Ackerman is a national security reporter for The Daily Beast. He has made a name for himself covering the excesses of the U.S. security state. Ackerman’s coverage of the global surveillance disclosures made in the wake of the Edward Snowden revelations won him a Pulitzer Prize. Just as Walter Benjamin’s “angel of history” perceived discrete, seemingly isolated events as a single catastrophe, Ackerman relates a story in which all the players—Republican and Democrat, public sector and private—play roles in one ongoing tragedy. He writes a totalizing narrative of the War on Terror; far from reductive, the panoptic view is clarifying.
Since 9/11, every administration has perpetuated the War on Terror. Some accelerated it, some tried to quell it, but none have managed to win it. According to Ackerman, this was inevitable. From the very start, the War on Terror lacked a definition, a rough draft for international conflict. What, exactly, was terror? How does one wage war on terror? And, perhaps more to the point, what would victory even look like? The war’s vague parameters and poorly defined objectives will offer “neither peace nor victory.” This is the refrain of Ackerman’s book, summarizing the resulting stasis in which the U.S. has been mired for two decades.
Ackerman opens his book slightly earlier. As a prologue, he relates the defining act of terror of the ’90s: the Oklahoma City Bombing of 1994. Timothy McVeigh, following his capture, was portrayed as the proverbial lone wolf. This obscured McVeigh’s connections with white supremacist organizations, including Elohim City in northeastern Oklahoma, where a man calling himself Grandpa Millar proselytized “Christian Identity” ideology. Viewing white men as innately superior, Christian Identity presented a genuine threat. But Congress failed to appreciate this threat. Legislation that would have curbed white supremacist terror was watered down. Why? As Ackerman writes, “When terrorism was white—when its identity and its purpose claimed the same heritage as a substantial amount of the dominant American racial caste—America sympathized with principled objections against unleashing the coercive, punitive, and violent powers of the state.”

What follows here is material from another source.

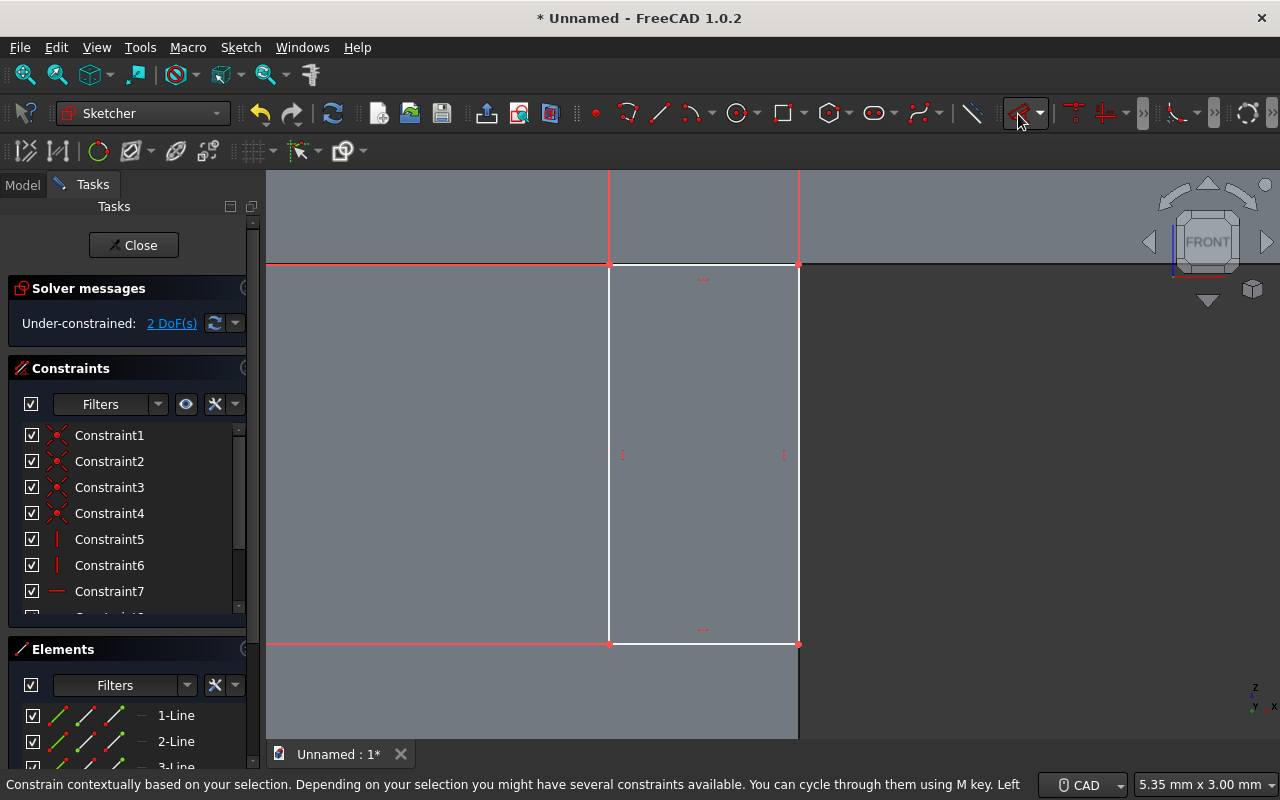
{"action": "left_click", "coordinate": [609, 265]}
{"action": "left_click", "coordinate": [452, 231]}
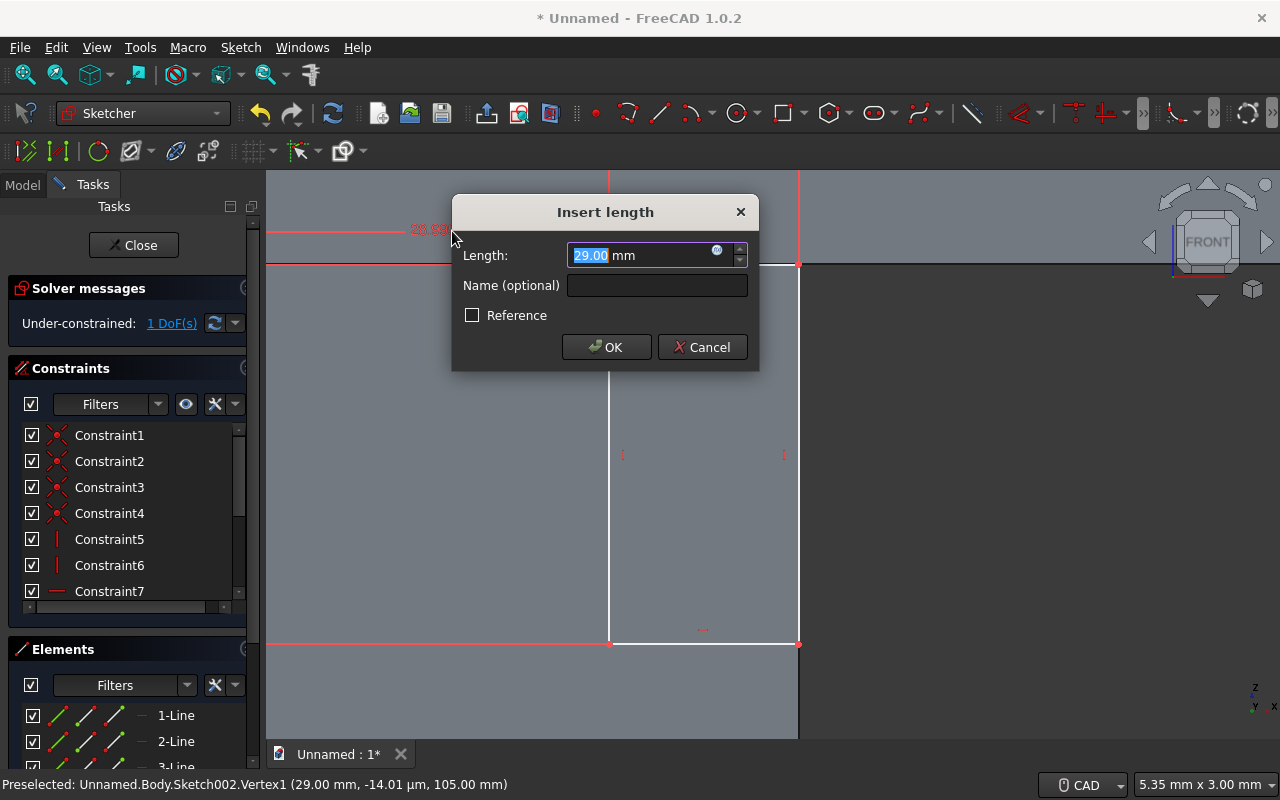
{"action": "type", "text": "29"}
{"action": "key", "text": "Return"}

But when those committing terrorism were not white, the violent powers of the state were fully brought to bear.
9/11 effectively gave George W. Bush carte blanche to wage war wherever and however he pleased. His administration’s declaration of a “War on Terror” sounded good on TV. But in addition to being damningly vague, the term rankled those it was meant to please. Those to the right of Bush saw Islam, a global religion with more than one billion adherents, as the enemy. That was the war of civilizations that they wanted, and they grew frustrated with Bush for failing to name the adversary, specifically, as “radical Islamic terror.” Years later, Trump would use that very term, “appeasing the right wing who thought Bush had been too soft,” Ackerman writes. The War on Terror, as a term, also rankled the security state, for different reasons. A war with no clear objective and no precise combatants would almost certainly drag on.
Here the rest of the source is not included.